[Input Boundary: Start]

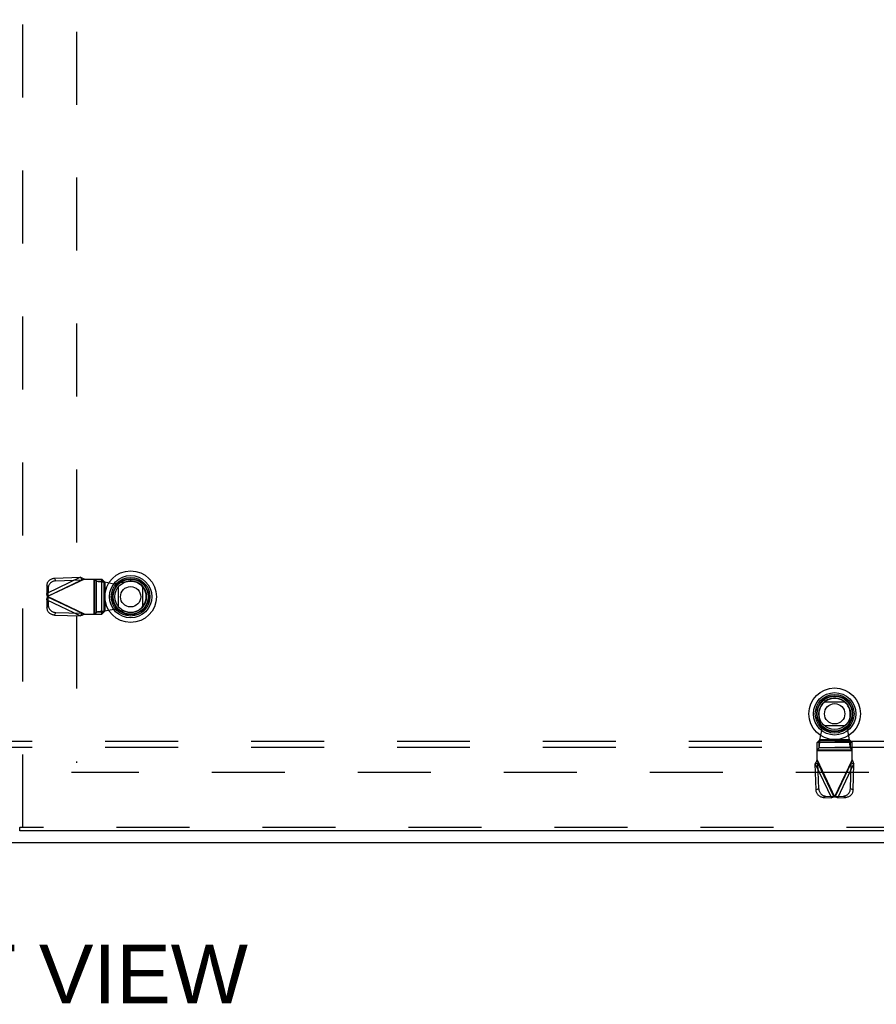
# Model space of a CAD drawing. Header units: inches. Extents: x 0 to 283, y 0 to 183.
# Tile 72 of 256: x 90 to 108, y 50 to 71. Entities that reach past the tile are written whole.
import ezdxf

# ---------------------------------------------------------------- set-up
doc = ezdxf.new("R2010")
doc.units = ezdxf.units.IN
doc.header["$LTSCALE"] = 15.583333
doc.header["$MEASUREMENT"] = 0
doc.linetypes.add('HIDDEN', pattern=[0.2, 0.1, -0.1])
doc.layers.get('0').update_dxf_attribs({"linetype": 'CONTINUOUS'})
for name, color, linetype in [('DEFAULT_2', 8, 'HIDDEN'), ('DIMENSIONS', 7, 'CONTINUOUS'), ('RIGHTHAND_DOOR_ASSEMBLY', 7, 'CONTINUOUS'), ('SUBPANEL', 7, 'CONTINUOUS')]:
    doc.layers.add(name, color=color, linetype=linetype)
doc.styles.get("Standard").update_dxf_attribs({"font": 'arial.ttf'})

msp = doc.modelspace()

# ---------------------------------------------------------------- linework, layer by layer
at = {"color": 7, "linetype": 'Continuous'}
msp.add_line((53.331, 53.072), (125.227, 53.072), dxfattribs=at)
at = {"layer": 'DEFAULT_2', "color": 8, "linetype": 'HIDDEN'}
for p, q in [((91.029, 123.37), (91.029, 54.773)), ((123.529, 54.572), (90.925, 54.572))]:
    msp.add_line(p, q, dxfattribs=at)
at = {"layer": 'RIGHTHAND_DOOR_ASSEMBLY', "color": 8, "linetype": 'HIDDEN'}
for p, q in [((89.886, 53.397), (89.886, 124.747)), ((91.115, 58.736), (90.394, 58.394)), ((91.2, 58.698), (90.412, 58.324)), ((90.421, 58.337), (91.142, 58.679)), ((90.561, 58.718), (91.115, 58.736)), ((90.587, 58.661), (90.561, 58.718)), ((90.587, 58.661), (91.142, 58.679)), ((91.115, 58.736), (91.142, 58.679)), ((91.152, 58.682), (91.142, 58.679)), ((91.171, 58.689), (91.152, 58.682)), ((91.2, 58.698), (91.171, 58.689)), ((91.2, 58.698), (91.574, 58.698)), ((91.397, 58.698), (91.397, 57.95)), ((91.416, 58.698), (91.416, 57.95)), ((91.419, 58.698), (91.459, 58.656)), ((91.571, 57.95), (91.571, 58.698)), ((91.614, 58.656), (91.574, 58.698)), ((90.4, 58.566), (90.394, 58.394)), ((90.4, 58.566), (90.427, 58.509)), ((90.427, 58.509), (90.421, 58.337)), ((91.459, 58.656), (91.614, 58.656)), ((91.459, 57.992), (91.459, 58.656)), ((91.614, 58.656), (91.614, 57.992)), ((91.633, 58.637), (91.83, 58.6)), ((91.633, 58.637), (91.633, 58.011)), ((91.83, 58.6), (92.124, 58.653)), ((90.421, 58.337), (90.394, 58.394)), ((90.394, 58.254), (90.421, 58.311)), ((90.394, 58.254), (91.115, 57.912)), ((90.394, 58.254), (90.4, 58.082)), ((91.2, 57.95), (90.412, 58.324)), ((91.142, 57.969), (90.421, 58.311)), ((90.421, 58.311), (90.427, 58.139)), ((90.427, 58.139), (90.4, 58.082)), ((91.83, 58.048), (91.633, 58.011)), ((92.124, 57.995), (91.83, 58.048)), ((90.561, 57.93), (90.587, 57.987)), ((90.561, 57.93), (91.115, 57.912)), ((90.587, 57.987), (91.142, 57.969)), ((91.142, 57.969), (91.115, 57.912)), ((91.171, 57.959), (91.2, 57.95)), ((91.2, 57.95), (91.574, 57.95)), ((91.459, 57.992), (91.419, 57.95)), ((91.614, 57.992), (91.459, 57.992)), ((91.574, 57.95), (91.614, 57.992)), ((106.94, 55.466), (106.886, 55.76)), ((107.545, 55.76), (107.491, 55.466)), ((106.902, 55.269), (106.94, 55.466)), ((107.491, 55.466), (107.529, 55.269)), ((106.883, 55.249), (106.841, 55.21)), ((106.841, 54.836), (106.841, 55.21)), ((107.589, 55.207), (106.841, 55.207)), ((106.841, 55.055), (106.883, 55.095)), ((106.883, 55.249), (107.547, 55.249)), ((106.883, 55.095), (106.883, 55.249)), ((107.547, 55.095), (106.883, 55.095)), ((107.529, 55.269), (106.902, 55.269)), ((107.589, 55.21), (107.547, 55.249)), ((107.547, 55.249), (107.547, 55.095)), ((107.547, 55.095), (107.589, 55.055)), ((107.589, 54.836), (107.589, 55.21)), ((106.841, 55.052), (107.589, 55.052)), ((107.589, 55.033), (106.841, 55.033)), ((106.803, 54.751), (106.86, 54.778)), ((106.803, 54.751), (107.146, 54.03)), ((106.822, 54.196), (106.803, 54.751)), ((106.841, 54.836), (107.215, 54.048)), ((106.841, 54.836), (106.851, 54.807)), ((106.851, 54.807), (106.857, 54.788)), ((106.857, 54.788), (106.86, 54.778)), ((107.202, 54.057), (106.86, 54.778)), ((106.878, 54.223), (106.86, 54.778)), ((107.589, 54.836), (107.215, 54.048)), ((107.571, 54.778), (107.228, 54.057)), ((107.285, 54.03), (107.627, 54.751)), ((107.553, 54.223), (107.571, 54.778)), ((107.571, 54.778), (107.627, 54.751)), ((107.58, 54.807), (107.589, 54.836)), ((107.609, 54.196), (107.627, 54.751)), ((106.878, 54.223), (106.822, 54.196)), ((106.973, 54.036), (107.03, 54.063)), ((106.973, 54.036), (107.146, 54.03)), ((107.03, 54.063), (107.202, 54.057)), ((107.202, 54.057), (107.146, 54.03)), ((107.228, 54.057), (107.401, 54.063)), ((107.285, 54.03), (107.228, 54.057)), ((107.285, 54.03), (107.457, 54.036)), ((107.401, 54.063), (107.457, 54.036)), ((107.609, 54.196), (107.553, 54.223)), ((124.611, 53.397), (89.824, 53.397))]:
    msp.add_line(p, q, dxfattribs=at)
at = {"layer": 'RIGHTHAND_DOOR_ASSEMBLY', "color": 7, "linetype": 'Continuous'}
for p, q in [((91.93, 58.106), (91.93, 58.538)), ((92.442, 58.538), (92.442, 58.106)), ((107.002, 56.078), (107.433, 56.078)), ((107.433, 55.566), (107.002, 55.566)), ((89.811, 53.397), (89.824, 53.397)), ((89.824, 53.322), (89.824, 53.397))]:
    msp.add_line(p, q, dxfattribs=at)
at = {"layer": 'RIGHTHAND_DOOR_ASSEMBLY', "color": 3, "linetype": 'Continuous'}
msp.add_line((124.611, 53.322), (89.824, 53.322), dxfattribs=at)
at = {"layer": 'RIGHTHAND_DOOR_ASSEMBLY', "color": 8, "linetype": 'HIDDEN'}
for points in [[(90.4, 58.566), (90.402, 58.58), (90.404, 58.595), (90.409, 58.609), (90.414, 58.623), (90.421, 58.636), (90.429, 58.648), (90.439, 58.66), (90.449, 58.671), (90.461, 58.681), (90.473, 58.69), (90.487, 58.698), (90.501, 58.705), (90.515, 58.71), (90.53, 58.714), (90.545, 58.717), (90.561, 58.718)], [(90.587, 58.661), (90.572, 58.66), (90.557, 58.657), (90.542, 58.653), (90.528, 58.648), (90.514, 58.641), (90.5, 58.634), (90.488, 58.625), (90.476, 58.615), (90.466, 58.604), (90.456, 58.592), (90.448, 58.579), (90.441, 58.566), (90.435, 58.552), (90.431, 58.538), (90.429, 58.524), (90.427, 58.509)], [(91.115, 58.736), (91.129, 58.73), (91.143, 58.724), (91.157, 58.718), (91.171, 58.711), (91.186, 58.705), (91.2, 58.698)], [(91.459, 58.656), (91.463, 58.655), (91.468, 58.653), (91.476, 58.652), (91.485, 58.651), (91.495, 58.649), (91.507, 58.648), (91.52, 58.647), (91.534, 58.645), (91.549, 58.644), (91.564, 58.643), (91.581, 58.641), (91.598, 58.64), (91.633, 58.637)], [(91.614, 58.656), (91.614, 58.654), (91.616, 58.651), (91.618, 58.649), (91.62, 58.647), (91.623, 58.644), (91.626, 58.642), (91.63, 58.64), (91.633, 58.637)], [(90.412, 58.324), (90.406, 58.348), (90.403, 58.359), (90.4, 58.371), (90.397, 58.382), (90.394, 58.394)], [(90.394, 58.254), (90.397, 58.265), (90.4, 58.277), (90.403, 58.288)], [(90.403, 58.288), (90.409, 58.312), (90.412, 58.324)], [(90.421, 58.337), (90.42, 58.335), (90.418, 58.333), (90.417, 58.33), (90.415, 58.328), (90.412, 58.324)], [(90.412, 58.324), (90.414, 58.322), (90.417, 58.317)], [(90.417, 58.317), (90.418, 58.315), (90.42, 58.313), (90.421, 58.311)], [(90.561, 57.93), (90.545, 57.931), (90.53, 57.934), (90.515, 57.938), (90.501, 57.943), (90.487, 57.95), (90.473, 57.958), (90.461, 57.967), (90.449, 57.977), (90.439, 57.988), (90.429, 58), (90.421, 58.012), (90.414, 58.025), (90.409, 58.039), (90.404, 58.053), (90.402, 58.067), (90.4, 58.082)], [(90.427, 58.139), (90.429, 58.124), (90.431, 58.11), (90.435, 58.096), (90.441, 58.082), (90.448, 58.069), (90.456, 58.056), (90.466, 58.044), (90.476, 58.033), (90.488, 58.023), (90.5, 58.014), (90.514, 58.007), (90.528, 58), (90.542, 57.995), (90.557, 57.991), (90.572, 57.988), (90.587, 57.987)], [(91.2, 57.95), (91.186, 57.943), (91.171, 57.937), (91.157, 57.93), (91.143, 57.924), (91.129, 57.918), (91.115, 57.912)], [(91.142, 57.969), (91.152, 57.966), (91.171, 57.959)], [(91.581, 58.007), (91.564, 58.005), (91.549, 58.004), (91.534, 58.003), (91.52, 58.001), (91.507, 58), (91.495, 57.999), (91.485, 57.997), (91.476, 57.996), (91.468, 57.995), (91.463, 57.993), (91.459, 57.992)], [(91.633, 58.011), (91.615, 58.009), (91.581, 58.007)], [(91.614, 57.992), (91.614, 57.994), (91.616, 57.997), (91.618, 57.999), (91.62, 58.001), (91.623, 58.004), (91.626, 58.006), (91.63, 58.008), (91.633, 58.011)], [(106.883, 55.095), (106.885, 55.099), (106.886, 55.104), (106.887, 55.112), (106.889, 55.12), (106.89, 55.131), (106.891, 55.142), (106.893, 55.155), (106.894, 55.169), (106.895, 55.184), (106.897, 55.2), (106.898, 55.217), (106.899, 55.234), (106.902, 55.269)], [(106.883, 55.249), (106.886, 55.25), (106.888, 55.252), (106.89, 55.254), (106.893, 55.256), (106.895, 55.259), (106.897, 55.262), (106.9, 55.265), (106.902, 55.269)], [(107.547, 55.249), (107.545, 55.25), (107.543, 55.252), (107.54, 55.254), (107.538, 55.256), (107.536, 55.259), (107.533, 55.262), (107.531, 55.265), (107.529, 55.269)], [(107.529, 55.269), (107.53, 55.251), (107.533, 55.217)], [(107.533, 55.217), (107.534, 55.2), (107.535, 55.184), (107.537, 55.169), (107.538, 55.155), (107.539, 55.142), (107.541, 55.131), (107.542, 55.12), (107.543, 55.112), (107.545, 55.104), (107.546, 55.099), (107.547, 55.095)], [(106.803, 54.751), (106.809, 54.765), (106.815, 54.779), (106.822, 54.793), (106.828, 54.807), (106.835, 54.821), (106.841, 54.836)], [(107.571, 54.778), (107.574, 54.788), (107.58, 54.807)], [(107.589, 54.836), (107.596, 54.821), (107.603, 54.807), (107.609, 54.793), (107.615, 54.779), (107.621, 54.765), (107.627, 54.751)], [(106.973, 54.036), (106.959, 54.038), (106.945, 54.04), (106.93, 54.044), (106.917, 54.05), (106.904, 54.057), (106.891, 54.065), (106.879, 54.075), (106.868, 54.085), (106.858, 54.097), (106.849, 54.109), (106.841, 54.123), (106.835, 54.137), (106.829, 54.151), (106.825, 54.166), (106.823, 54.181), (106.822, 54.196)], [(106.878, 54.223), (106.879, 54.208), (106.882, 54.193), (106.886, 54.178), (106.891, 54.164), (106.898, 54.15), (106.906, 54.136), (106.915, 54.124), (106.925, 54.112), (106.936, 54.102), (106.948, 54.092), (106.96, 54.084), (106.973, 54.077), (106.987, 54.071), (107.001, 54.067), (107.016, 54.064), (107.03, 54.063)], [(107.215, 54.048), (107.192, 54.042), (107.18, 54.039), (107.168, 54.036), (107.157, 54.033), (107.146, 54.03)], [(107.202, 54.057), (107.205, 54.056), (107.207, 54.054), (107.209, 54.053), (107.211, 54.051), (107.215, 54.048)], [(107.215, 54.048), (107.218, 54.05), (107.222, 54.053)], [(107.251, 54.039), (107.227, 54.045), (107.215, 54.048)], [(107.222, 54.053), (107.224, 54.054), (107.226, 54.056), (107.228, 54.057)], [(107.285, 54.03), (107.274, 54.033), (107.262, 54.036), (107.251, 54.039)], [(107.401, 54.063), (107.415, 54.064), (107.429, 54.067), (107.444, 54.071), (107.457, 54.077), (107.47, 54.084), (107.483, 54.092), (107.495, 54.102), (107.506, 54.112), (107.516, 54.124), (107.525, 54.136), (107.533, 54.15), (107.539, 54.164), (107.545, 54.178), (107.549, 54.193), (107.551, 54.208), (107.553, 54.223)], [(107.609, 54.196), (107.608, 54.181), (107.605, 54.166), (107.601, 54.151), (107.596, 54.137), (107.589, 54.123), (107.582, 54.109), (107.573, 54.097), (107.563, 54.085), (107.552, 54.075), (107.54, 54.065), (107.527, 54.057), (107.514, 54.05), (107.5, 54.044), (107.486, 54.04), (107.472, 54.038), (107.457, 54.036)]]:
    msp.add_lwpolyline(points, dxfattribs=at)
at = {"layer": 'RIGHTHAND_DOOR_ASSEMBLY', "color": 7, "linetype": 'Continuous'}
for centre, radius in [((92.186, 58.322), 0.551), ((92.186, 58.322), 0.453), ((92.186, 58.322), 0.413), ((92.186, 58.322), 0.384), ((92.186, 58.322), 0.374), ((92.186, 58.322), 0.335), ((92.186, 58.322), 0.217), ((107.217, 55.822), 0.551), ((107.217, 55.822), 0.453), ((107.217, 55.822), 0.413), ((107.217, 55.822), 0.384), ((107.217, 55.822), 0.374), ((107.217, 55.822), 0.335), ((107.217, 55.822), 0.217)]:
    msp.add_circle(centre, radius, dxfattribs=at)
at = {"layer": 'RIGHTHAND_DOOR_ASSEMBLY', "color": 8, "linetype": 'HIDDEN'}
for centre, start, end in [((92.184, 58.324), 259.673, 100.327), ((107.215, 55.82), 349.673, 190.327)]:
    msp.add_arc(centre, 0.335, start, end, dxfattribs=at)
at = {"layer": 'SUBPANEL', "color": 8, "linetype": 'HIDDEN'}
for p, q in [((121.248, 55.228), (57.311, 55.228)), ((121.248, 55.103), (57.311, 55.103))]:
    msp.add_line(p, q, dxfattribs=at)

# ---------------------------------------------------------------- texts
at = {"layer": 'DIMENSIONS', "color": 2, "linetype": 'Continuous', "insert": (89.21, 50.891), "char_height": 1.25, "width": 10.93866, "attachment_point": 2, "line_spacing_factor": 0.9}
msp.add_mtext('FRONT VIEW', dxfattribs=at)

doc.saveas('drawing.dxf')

[Input Boundary: End]

For each line in the data that contains the string "DIMENSIONS", give a copy of that line.

Reply:
for name, color, linetype in [('DEFAULT_2', 8, 'HIDDEN'), ('DIMENSIONS', 7, 'CONTINUOUS'), ('RIGHTHAND_DOOR_ASSEMBLY', 7, 'CONTINUOUS'), ('SUBPANEL', 7, 'CONTINUOUS')]:
at = {"layer": 'DIMENSIONS', "color": 2, "linetype": 'Continuous', "insert": (89.21, 50.891), "char_height": 1.25, "width": 10.93866, "attachment_point": 2, "line_spacing_factor": 0.9}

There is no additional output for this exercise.